Um 1912: Herr Nodet, Architekt für historische Denkmäler in Montpellier, entdeckt La Garde-Guérin. Fasziniert sendet er den ersten offiziellen Bericht an die Verwaltung der Schönen Künste in Paris: Darin beschreibt er ein außergewöhnliches befestigtes Dorf, das eine Restaurierung verdient.
30. November 1929: Der Erlass zur Einstufung des gesamten Dorfes La Garde-Guérin als malerischen Ort sowie des Donjons, der Burg und der Kirche Saint-Michel als historische Denkmäler wird offiziell veröffentlicht.
Im Jahr 1935: Die Verwaltung der Schönen Künste beginnt mit umfangreichen Reparaturen an der Kirche und der Burg. Bei der Restaurierung der Kirche werden in der Krypta unter dem Chor menschliche Knochen gefunden – möglicherweise die Überreste angesehener Adliger von La Garde. Abt Négron beschließt daraufhin, sie respektvoll auf den Friedhof der Gemeinde umbetten zu lassen.
Im Jahr 1965: René Schmitt, Architekt der Bâtiments de France in Lozère, ist zutiefst besorgt über den Verfall und die Entvölkerung des Dorfes. Er beschließt, sein Ministerium zu alarmieren und schickt einen detaillierten Bericht an die Architekturabteilung in Paris. Im Oktober lädt er rund ein Dutzend Persönlichkeiten des Départements (Kommunalpolitiker, Verwaltungsvertreter usw.) zu einer Versammlung ein, die am 14. November 1965 in Villefort stattfindet. Im Anschluss an dieses entscheidende Treffen wird beschlossen, eine Vereinigung zur Erhaltung von La Garde-Guérin (Association de Sauvegarde de La Garde-Guérin) zu gründen.

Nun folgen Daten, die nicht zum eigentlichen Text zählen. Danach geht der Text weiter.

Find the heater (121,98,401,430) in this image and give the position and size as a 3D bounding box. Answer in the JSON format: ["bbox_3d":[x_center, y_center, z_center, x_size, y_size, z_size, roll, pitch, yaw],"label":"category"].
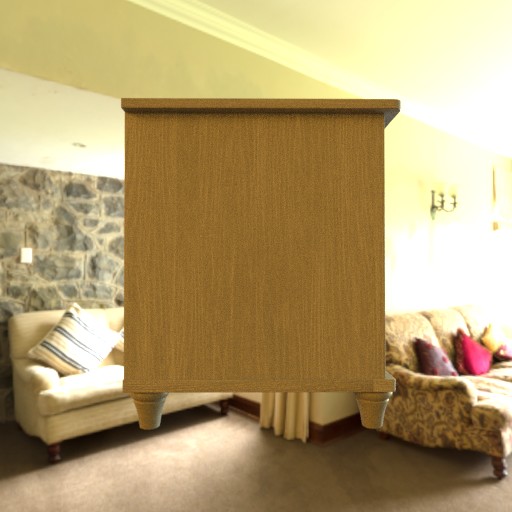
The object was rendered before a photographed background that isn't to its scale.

Im Jahr 1970: Im Rahmen der „101 Maßnahmen für die Umwelt“, die von der damaligen Regierung verabschiedet wurden, wird La Garde-Guérin zum Pilotdorf ernannt. Auf Initiative von Michel Denieul, dem Direktor für Architektur, der sich persönlich vor Ort ein Bild macht, wird die Restaurierung und Aufwertung des Dorfes dank der gemeinsamen finanziellen Unterstützung dreier Ministerien (Kultur, Landwirtschaft und Infrastruktur) organisiert. Auch andere Instanzen beteiligen sich in ihren jeweiligen Bereichen an den Maßnahmen, darunter E.D.F., P.T.T., S.A.F.E.R. und der interkommunale Zweckverband.
Die am 18. Mai 1967 offiziell gegründete Vereinigung zur Erhaltung von La Garde-Guérin hatte von Beginn an eine vorausschauende Studie über die architektonische und wirtschaftliche Zukunft des Dorfes durchgeführt (Katastererhebungen, Treffen mit den Eigentümern, Informationsveranstaltungen, Marktstudie für eine zukünftige Herberge usw.). Sie leistete damit Herrn Schmitt, der für die Koordinierung des Finanzplans und die Leitung der Arbeiten verantwortlich war, unschätzbare Unterstützung. Diese vielfältigen Arbeiten zielten darauf ab, die strikte Erhaltung des architektonischen Erbes mit der wirtschaftlichen und touristischen Entwicklung des Ortes zu verbinden.
Auf architektonischer Ebene:
- Freilegung und Restaurierung eines Großteils der Stadtmauern.
- Vollständige Erneuerung der Dächer.
- Traditionelle Pflasterung der Gassen.
- Unterirdische Verlegung der Leitungsnetze (Strom, Telefon, Fernsehen) zu jedem Haus, wodurch die Authentizität und der mittelalterliche Charakter des Dorfes bewahrt werden konnten.
- Auch die Kirche wird sowohl in architektonischer als auch in kultureller Hinsicht sorgfältig restauriert: Entfernung der Außentreppe und der Empore aus dem 19. Jahrhundert, Überprüfung des Daches, Demontage des Marmoraltars (der in die Krypta verlegt wird) und Aufstellung eines neuen Altars.
Auf wirtschaftlicher Ebene:
Die Erhaltung der historischen pastoralen Berufung des Ortes wurde sichergestellt durch:
- Den Bau eines Schafstalls außerhalb des Dorfes, der sich perfekt in die Landschaft einfügt.
- Die Erweiterung des Wasserversorgungsnetzes.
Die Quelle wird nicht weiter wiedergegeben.